Segment Start: SUPPLIED INFORMATION

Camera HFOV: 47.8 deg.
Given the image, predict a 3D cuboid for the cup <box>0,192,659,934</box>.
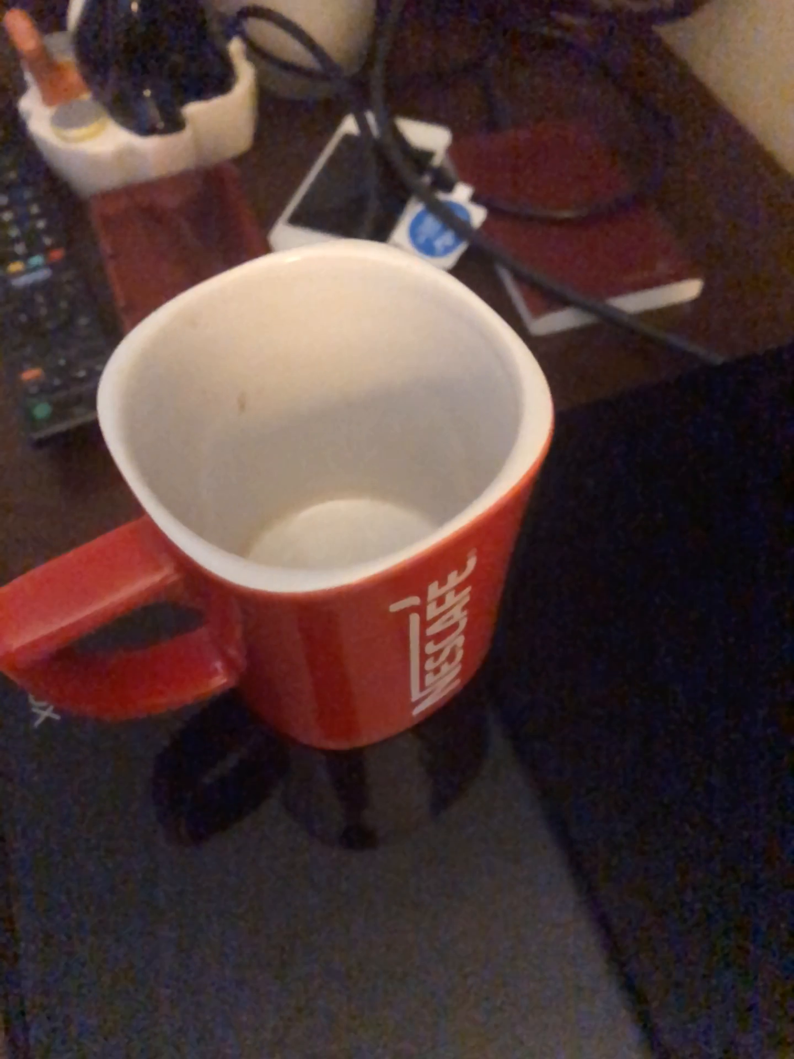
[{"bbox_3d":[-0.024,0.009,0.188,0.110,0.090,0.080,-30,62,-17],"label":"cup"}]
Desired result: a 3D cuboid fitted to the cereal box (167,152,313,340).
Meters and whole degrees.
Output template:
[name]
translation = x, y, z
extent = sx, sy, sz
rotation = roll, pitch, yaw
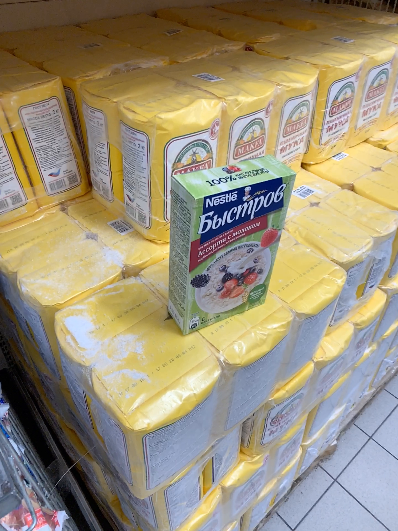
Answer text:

Segment End: SUPPLIED INFORMATION

EXERCISE REQUIREMENTS: Each record should be printed exactly as it appears, leaving the pictures out.

REPLY:
Camera HFOV: 47.8 deg.
Given the image, predict a 3D cuboid for the cup <box>0,192,659,934</box>.
[{"bbox_3d":[-0.024,0.009,0.188,0.110,0.090,0.080,-30,62,-17],"label":"cup"}]
Desired result: a 3D cuboid fitted to the cereal box (167,152,313,340).
Meters and whole degrees.
Output template:
[name]
translation = x, y, z
extent = sx, sy, sz
rotation = roll, pitch, yaw
Answer text:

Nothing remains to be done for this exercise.